Exosomes derived from ADSC suppress endothelial cells ferroptosis and alleviate sepsis acute liver injury via regulation of Keap1/Nrf2/GPX4 axis: an experimental study.

Abstract

Background: Adipose-derived stem cells exosome (ADSC-exo) has been reported to be effective in alleviating organ dysfunction in sepsis, including acute liver injury (ALI). Whether ADSC-exo protects the liver via suppression of vascular endothelial cell (VEC) ferroptosis is unclear.

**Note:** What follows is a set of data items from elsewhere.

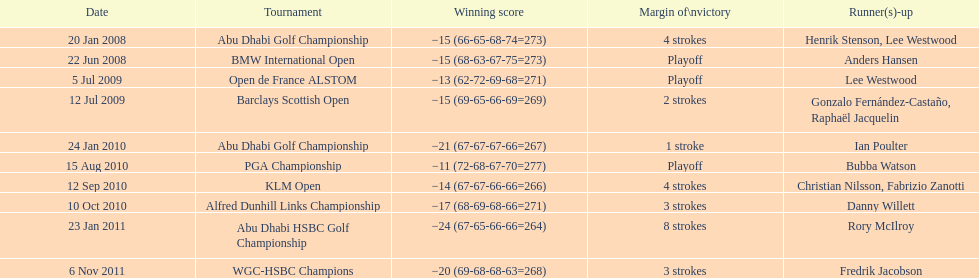How many more strokes were in the klm open than the barclays scottish open? 2 strokes. 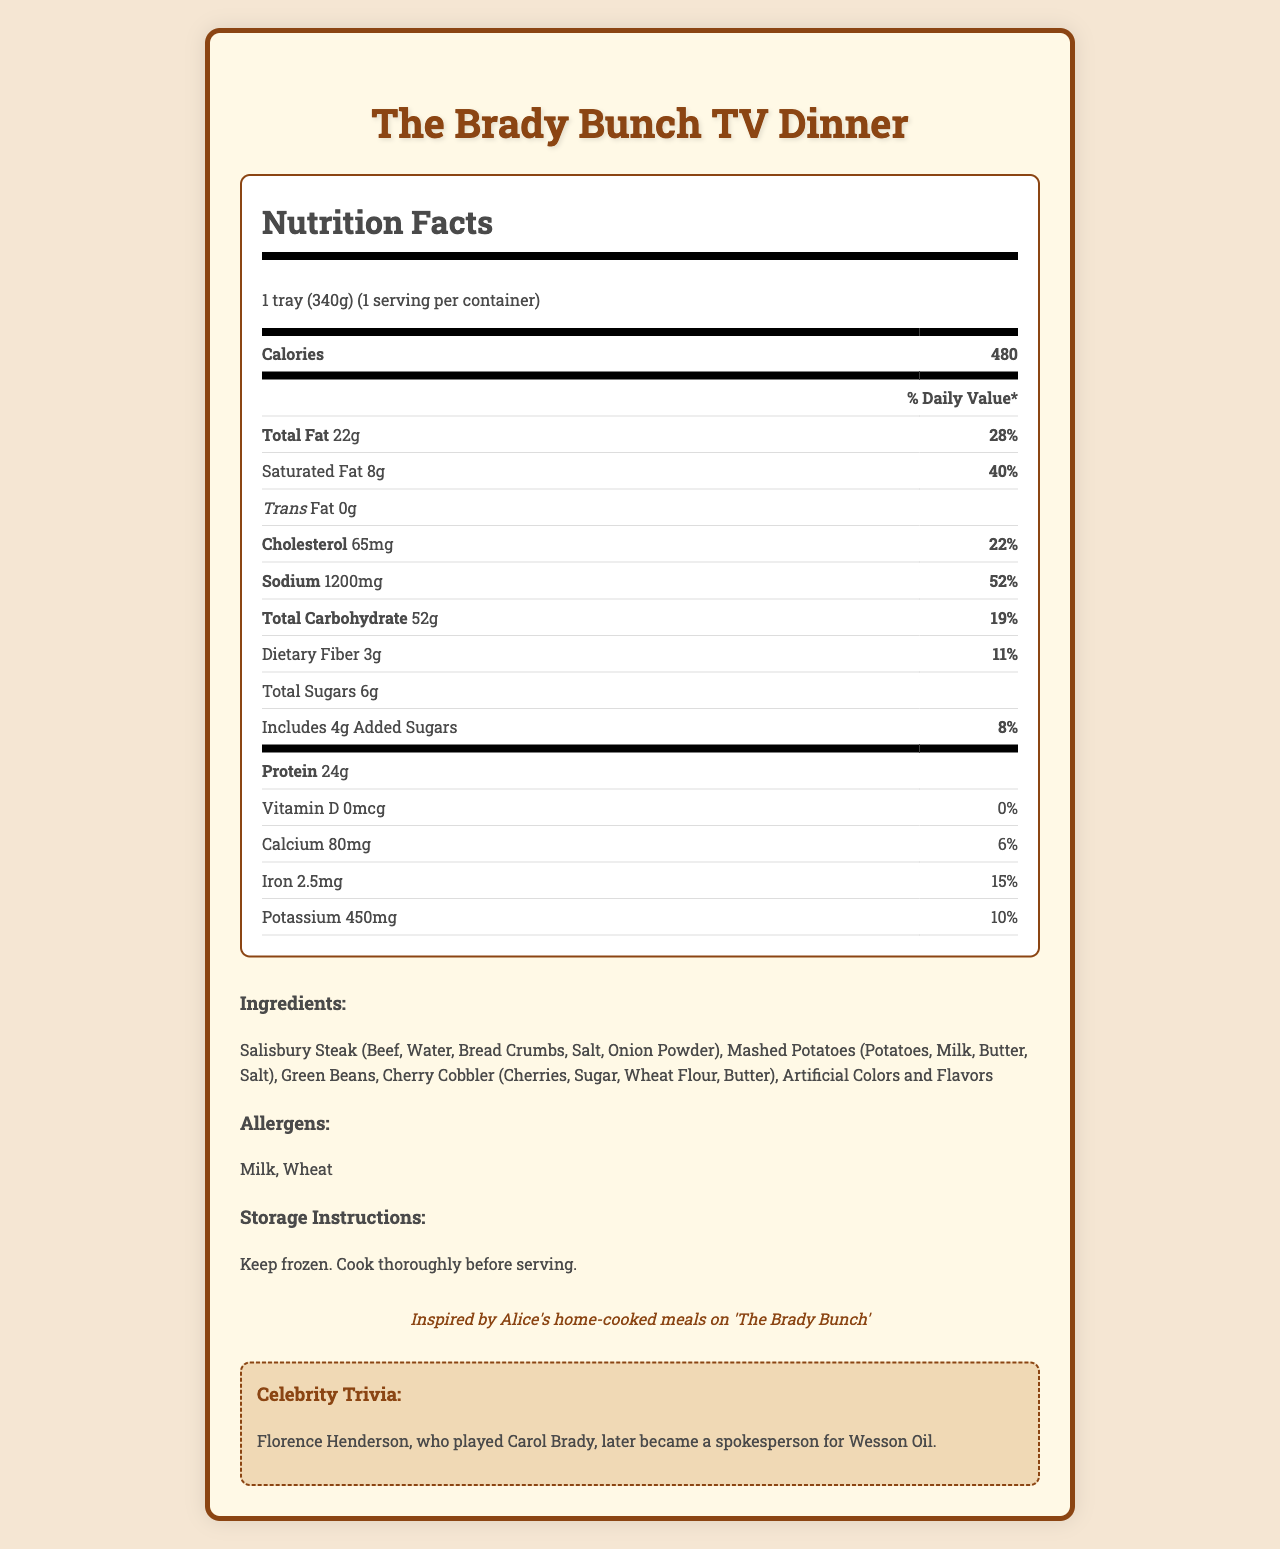what is the serving size? The serving size listed in the document is "1 tray (340g)."
Answer: 1 tray (340g) how many calories are in one serving? The document lists 480 calories per serving.
Answer: 480 calories what is the daily value percentage of sodium? The sodium amount has a daily value percentage of 52%.
Answer: 52% how many grams of protein does this TV dinner contain? The protein content is listed as 24g per serving.
Answer: 24g what allergens are present in this TV dinner? The document lists Milk and Wheat as allergens.
Answer: Milk, Wheat what type of meal is "The Brady Bunch TV Dinner" inspired by? A. The Andy Griffith Show B. The Brady Bunch C. Happy Days D. M*A*S*H The product name itself is "The Brady Bunch TV Dinner," indicating it is inspired by "The Brady Bunch."
Answer: B which nutrient has the highest daily value percentage? A. Saturated Fat B. Cholesterol C. Sodium D. Total Carbohydrate Sodium has the highest daily value percentage listed at 52%.
Answer: C does this TV dinner contain any artificial colors or flavors? The ingredients list includes "Artificial Colors and Flavors."
Answer: Yes was Florence Henderson, who played Carol Brady, a spokesperson for any product? The document mentions that Florence Henderson later became a spokesperson for Wesson Oil.
Answer: Yes what's one nostalgic note mentioned about this TV dinner? The document includes a note stating, "Inspired by Alice's home-cooked meals on 'The Brady Bunch.'"
Answer: Inspired by Alice's home-cooked meals on 'The Brady Bunch' how much added sugar is in this meal? The added sugar content is listed as 4g.
Answer: 4g describe what is included in "The Brady Bunch TV Dinner" nutrition facts label. The answer includes the product's name, serving size, calorie content, various nutrient amounts and daily values, ingredients, allergens, and additional notes provided in the document.
Answer: This TV dinner includes nutrition facts for a serving size of 1 tray (340g) and 480 calories per serving. It outlines the amounts and daily value percentages for total fat, saturated fat, trans fat, cholesterol, sodium, total carbohydrate, dietary fiber, total sugars, added sugars, protein, vitamin D, calcium, iron, and potassium. The ingredients are Salisbury Steak, Mashed Potatoes, Green Beans, Cherry Cobbler, and Artificial Colors and Flavors, with Milk and Wheat as allergens. There are storage instructions, a nostalgic note, and celebrity trivia included. how many grams of dietary fiber does this meal contain? The dietary fiber content is listed as 3g.
Answer: 3g is the vitamin D amount significant in this TV dinner? The document shows that the vitamin D content is 0mcg, which equals 0% of the daily value.
Answer: No why was this TV dinner named 'The Brady Bunch TV Dinner'? The document does not provide specific information on why this particular name was chosen beyond its nostalgic reference.
Answer: Not enough information how much calcium does this TV dinner provide? The document lists the calcium content as 80mg.
Answer: 80mg what are the storage instructions for this TV dinner? The storage instructions are "Keep frozen. Cook thoroughly before serving."
Answer: Keep frozen. Cook thoroughly before serving. 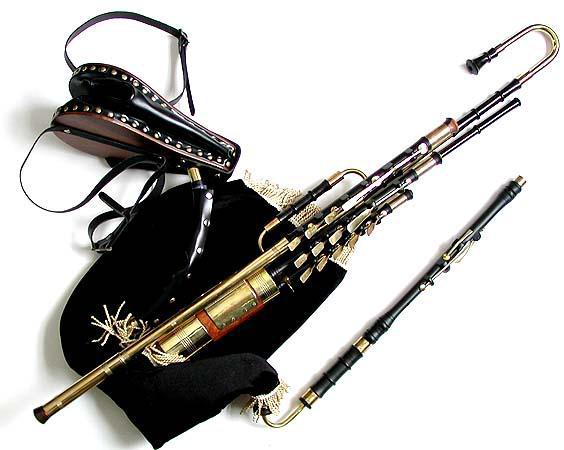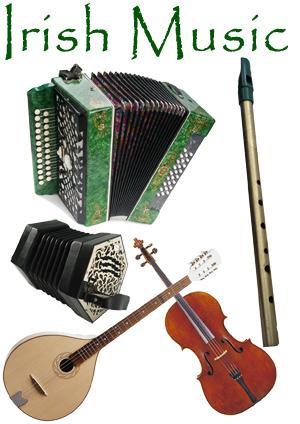The first image is the image on the left, the second image is the image on the right. For the images shown, is this caption "There are exactly two flutes." true? Answer yes or no. No. The first image is the image on the left, the second image is the image on the right. Examine the images to the left and right. Is the description "There is a total of two instruments." accurate? Answer yes or no. No. 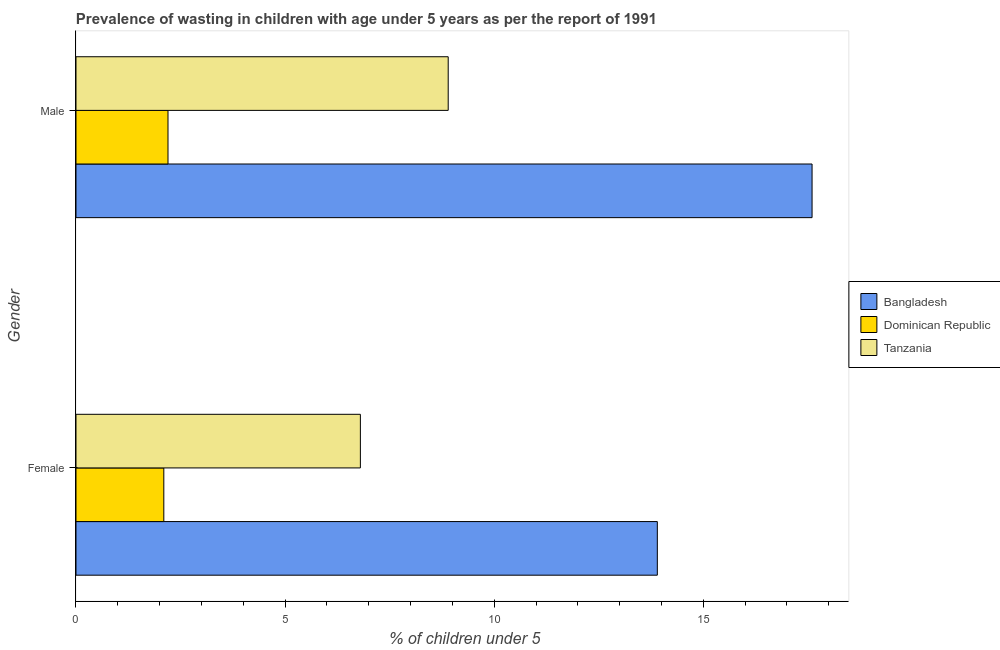Are the number of bars per tick equal to the number of legend labels?
Keep it short and to the point. Yes. Are the number of bars on each tick of the Y-axis equal?
Ensure brevity in your answer.  Yes. How many bars are there on the 1st tick from the top?
Ensure brevity in your answer.  3. How many bars are there on the 1st tick from the bottom?
Provide a short and direct response. 3. What is the label of the 2nd group of bars from the top?
Offer a very short reply. Female. What is the percentage of undernourished male children in Dominican Republic?
Your response must be concise. 2.2. Across all countries, what is the maximum percentage of undernourished male children?
Your answer should be compact. 17.6. Across all countries, what is the minimum percentage of undernourished female children?
Your answer should be compact. 2.1. In which country was the percentage of undernourished male children minimum?
Your answer should be compact. Dominican Republic. What is the total percentage of undernourished male children in the graph?
Keep it short and to the point. 28.7. What is the difference between the percentage of undernourished female children in Dominican Republic and that in Tanzania?
Offer a very short reply. -4.7. What is the difference between the percentage of undernourished male children in Bangladesh and the percentage of undernourished female children in Tanzania?
Offer a terse response. 10.8. What is the average percentage of undernourished female children per country?
Make the answer very short. 7.6. What is the difference between the percentage of undernourished female children and percentage of undernourished male children in Tanzania?
Your answer should be compact. -2.1. What is the ratio of the percentage of undernourished female children in Dominican Republic to that in Tanzania?
Provide a short and direct response. 0.31. What does the 1st bar from the top in Female represents?
Provide a succinct answer. Tanzania. What does the 3rd bar from the bottom in Female represents?
Provide a succinct answer. Tanzania. How many bars are there?
Your answer should be compact. 6. What is the difference between two consecutive major ticks on the X-axis?
Keep it short and to the point. 5. Are the values on the major ticks of X-axis written in scientific E-notation?
Provide a short and direct response. No. Does the graph contain any zero values?
Keep it short and to the point. No. How many legend labels are there?
Your answer should be compact. 3. How are the legend labels stacked?
Offer a very short reply. Vertical. What is the title of the graph?
Give a very brief answer. Prevalence of wasting in children with age under 5 years as per the report of 1991. Does "France" appear as one of the legend labels in the graph?
Offer a terse response. No. What is the label or title of the X-axis?
Ensure brevity in your answer.   % of children under 5. What is the label or title of the Y-axis?
Provide a succinct answer. Gender. What is the  % of children under 5 in Bangladesh in Female?
Offer a very short reply. 13.9. What is the  % of children under 5 in Dominican Republic in Female?
Offer a very short reply. 2.1. What is the  % of children under 5 of Tanzania in Female?
Ensure brevity in your answer.  6.8. What is the  % of children under 5 in Bangladesh in Male?
Provide a succinct answer. 17.6. What is the  % of children under 5 of Dominican Republic in Male?
Your response must be concise. 2.2. What is the  % of children under 5 of Tanzania in Male?
Make the answer very short. 8.9. Across all Gender, what is the maximum  % of children under 5 in Bangladesh?
Provide a short and direct response. 17.6. Across all Gender, what is the maximum  % of children under 5 in Dominican Republic?
Ensure brevity in your answer.  2.2. Across all Gender, what is the maximum  % of children under 5 of Tanzania?
Keep it short and to the point. 8.9. Across all Gender, what is the minimum  % of children under 5 of Bangladesh?
Offer a terse response. 13.9. Across all Gender, what is the minimum  % of children under 5 of Dominican Republic?
Your answer should be very brief. 2.1. Across all Gender, what is the minimum  % of children under 5 of Tanzania?
Your answer should be very brief. 6.8. What is the total  % of children under 5 in Bangladesh in the graph?
Your response must be concise. 31.5. What is the difference between the  % of children under 5 of Tanzania in Female and that in Male?
Keep it short and to the point. -2.1. What is the difference between the  % of children under 5 of Bangladesh in Female and the  % of children under 5 of Dominican Republic in Male?
Give a very brief answer. 11.7. What is the difference between the  % of children under 5 in Dominican Republic in Female and the  % of children under 5 in Tanzania in Male?
Give a very brief answer. -6.8. What is the average  % of children under 5 of Bangladesh per Gender?
Provide a short and direct response. 15.75. What is the average  % of children under 5 of Dominican Republic per Gender?
Give a very brief answer. 2.15. What is the average  % of children under 5 of Tanzania per Gender?
Offer a very short reply. 7.85. What is the difference between the  % of children under 5 in Bangladesh and  % of children under 5 in Dominican Republic in Female?
Give a very brief answer. 11.8. What is the difference between the  % of children under 5 of Bangladesh and  % of children under 5 of Tanzania in Female?
Your answer should be very brief. 7.1. What is the difference between the  % of children under 5 in Bangladesh and  % of children under 5 in Dominican Republic in Male?
Your answer should be very brief. 15.4. What is the difference between the  % of children under 5 of Bangladesh and  % of children under 5 of Tanzania in Male?
Keep it short and to the point. 8.7. What is the ratio of the  % of children under 5 in Bangladesh in Female to that in Male?
Your answer should be compact. 0.79. What is the ratio of the  % of children under 5 in Dominican Republic in Female to that in Male?
Provide a short and direct response. 0.95. What is the ratio of the  % of children under 5 of Tanzania in Female to that in Male?
Provide a short and direct response. 0.76. What is the difference between the highest and the second highest  % of children under 5 in Tanzania?
Make the answer very short. 2.1. What is the difference between the highest and the lowest  % of children under 5 of Tanzania?
Provide a short and direct response. 2.1. 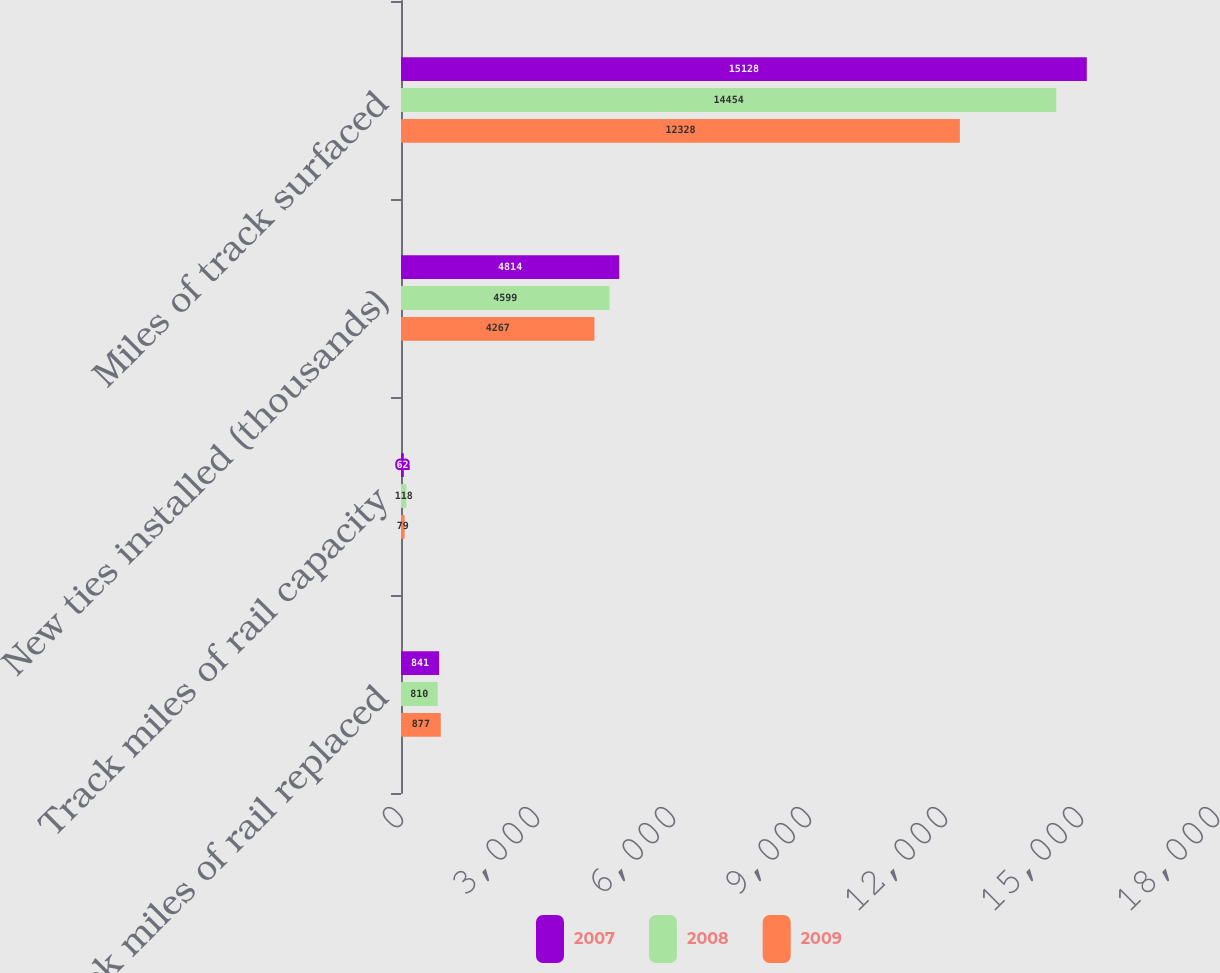<chart> <loc_0><loc_0><loc_500><loc_500><stacked_bar_chart><ecel><fcel>Track miles of rail replaced<fcel>Track miles of rail capacity<fcel>New ties installed (thousands)<fcel>Miles of track surfaced<nl><fcel>2007<fcel>841<fcel>62<fcel>4814<fcel>15128<nl><fcel>2008<fcel>810<fcel>118<fcel>4599<fcel>14454<nl><fcel>2009<fcel>877<fcel>79<fcel>4267<fcel>12328<nl></chart>

Methods: We evaluated the viability and migration of VECs and their ferroptosis-related indices. To further elucidate this mechanism, we examined the Nrf2/GPX4 pathway. Cecal ligation and puncture (CLP) was performed to establish a sepsis model to observe the protective effect of ADSC-exo. The death rate and liver tissue injury were observed. We also evaluated inflammation- and ferroptosis-related indices. Next, we examined the expression of nuclear factor erythroid 2-related factor 2 (Nrf2)/glutathione peroxidase 4 (GPX4) pathway-related molecules to elucidate the underlying mechanism.

Results: ADSC-exo reduced cell injury and ferroptosis in VECs. ADSC-exo increased the expression and nuclear translocation of Nrf2. In the CLP-induced sepsis model, ADSC-exo relieved liver injury and reduced the death rate. Further observations showed that ADSC-exo significantly alleviated oxidative stress injury and ferroptosis in liver tissue, while remarkably increasing the expression of Nrf2 and GPX4.

Conclusion: These findings demonstrate the remarkable ability of ADSC-exo to alleviate sepsis-induced ALI by mitigating endothelial cell ferroptosis, providing evidence for the potential clinical application of ADSC-exo in ALI therapy.